|ein| BLUE

3.4K 198 9
                                    

ditulis oleh Rafeni
diedit oleh Venusyura


1. Blue : Ghali Lazuardi


          Satu hal yang gue benci adalah harus bangun sepagi ini di hari Minggu. Oh, ayolah, minggu itu adalah hari dimana lo bisa tidur sesuka lo tanpa takut telat masuk sekolah. Dan ya, gue suka hari minggu.

Melalui bulu mata gue yang mulai terbuka, gue melihat siluet tubuh seseorang yang langsing memakai rok. Dia berdiri di depan jendela kaca yang gordennya telah terbuka. Sinar matahari langsung menusuk masuk ke mata gue, membuat gue mengernyit.

“Oh, Ma, ini masih pagi,” keluh gue saat menyadari sosok di depan jendela sana. Ya, dia adalah wanita yang sudah mengandungku selama tujuh bulan. Bukan sembilan bulan, karena gue lahir prematur.

Mama duduk di kasur. Dia menurunkan selimut yang dinaikkan untuk menutupi seluruh tubuhku. Terjadi tarik-tarikan selimut beberapa saat, hingga akhirnya gue mengalah. Gue bangun dengan menyadarkan punggung ke kepala kasur.

Gue melirik jam yang berada di atas nakas. 07.00. Gue mengerang sambil mengacak-acakan rambut. Gue beri tatapan kesal kepada wanita di depan gue yang tampak tersenyum bangga karena berhasil membuat gue bangun juga.

“Sekarang sebut apa keinginan Mama,” ucapku to the point.

Gue melihat Mama tersenyum geli.
“Jangan bilang enggak ada apa-apa, ya,” tambah gue judes.

Mama menatap gue yang sekali lagi mengacak rambut. Tiba-tiba Mama mengatakan, “Kamu sexy.”

Kalau gue lagi minum, pasti gue akan menyemburkan airnya. Untungnya hal itu tidak terjadi. Gue malah menatap Mama syok.

Mama seketika itu juga tertawa. Gue makin menatap Mama aneh.

Gue enggak habis mikir, bagaimana Papa bisa tahan dengan sikap Mama. Mama itu bisa dibilang agak aneh. Bukan maksud gue untuk durhaka sudah mengatakannya hal semacam itu. Tapi, jika saja lo tahu sikap asli Mama. Pasti lo akan sependapat dengan gue.

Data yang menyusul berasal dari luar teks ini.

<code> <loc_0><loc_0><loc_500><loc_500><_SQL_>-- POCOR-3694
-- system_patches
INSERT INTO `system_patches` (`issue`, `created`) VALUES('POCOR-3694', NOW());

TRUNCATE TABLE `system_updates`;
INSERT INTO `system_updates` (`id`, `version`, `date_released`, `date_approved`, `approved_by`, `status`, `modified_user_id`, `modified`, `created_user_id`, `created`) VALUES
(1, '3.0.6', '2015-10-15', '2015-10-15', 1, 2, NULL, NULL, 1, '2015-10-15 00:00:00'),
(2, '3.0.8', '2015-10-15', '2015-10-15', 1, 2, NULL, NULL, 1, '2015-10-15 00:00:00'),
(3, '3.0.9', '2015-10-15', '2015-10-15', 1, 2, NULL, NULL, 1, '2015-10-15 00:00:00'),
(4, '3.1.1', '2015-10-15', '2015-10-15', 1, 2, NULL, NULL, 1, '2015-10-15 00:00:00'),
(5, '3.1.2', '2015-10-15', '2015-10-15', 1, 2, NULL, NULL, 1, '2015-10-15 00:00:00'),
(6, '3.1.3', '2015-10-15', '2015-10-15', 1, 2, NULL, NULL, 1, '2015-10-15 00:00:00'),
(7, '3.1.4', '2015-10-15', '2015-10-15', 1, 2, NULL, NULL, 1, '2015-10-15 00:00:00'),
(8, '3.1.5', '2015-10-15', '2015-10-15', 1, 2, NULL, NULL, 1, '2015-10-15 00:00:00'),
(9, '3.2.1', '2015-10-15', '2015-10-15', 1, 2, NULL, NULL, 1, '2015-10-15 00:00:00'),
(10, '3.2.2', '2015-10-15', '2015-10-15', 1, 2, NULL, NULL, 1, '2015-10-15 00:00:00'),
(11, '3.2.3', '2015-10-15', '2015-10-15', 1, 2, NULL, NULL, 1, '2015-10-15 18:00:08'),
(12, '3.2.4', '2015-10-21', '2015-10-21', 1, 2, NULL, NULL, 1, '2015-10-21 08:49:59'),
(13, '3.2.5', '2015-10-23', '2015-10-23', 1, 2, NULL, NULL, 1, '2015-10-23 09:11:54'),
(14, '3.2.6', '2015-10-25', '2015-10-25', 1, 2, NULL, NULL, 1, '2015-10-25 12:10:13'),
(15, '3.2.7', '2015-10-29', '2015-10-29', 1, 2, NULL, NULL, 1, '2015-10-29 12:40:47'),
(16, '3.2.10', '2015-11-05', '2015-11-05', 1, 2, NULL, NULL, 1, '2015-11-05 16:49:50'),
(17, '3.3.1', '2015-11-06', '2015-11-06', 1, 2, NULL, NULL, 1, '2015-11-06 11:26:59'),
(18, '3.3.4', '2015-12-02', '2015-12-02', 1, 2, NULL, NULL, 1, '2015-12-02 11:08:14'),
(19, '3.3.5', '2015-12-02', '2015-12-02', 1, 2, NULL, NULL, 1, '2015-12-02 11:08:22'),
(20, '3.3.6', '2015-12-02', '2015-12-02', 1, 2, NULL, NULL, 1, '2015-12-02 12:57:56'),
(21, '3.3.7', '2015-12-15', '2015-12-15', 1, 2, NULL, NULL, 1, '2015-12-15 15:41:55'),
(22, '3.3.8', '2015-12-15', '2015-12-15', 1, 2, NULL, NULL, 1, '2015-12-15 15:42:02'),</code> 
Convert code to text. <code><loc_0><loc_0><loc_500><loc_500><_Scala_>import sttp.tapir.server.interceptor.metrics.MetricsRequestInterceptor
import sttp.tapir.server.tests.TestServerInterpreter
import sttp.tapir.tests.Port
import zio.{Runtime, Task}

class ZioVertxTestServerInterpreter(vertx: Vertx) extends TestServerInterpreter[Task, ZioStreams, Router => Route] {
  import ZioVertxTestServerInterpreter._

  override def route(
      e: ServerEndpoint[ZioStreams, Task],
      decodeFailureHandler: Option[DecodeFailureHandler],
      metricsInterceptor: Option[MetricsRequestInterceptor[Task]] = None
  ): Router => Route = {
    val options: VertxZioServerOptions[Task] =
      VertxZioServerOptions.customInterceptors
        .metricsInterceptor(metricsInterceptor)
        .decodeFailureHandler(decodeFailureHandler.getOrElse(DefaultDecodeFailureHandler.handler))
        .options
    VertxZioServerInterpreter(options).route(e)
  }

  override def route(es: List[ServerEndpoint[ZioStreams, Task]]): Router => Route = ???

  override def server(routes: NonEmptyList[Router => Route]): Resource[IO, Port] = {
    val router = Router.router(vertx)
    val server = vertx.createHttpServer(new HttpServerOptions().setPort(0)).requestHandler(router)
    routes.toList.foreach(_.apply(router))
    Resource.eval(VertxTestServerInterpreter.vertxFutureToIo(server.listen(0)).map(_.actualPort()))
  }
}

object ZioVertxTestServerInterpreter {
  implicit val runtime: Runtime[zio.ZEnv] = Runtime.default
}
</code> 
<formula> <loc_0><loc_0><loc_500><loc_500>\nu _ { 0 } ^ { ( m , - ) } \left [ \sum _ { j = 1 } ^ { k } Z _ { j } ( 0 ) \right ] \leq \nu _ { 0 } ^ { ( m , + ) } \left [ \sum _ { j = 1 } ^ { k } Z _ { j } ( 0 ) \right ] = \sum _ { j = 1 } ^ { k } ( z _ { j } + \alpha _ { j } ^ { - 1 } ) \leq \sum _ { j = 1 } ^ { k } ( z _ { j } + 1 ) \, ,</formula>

Mama itu umurnya sudah hampir berkepala empat. Tapi, sikapnya masih saja kekanak-kanakan. Mama itu suka nonton drama korea yang sangat digilai remaja cewek di luar sana. Mama juga suka nangis tiba-tiba, suka marah tiba-tiba, suka senyum-senyum sendiri tiba-tiba, kalau lagi nonton. Bikin gue suka pusing dengarnya. Dan satu lagi, Mama itu sangat mengidolakan Lee Min Hoo. Bahkan, gue yakin di dompetnya Mama itu pasti terpajang foto Lee Min Hoo, bukannya foto Papa. Walau begitu, Papa tidak pernah protes seperti apa yang sering gue lakuin terhadap Mama. Mereka selalu saja harmonis. Mungkin itu semua dikarenakan mereka saling cinta. Cinta yang saling melengkapi.

Cinta, ya? Ngomong-ngomong soal cinta, gue jadi malas melanjutkannya.

Kembali gue menatap Mama. “Nggak usah ngalihin perhatian, deh.”

Mama nyengir kuda. “Beneran deh, kamu sexy kalau lagi ngacak-ngacak rambut gitu. Mirip Lee Min Hoo. Coba aja Papa seganteng kamu.”

Tuh! Bahkan gue disamakan dengan idolanya itu. Gue mendesah kasar. Menyingkirkan selimut dari atas paha, gue turun dari tempat tidur dan berjalan ke kamar mandi. Di depan wastafel gue menyuci muka. Gue mengambil handuk yang tergantung di balik pintu dan mengelapkannya ke wajah. Dari cermin gue bisa melihat Mama yang berdiri di depan pintu sambil melipat tangan.

Kami sempat saling tatap melalui cermin. Melihat Mama yang enggak membuka mulut untuk menjawab pertanyaan awal gue, gue memutuskan untuk menyikat gigi.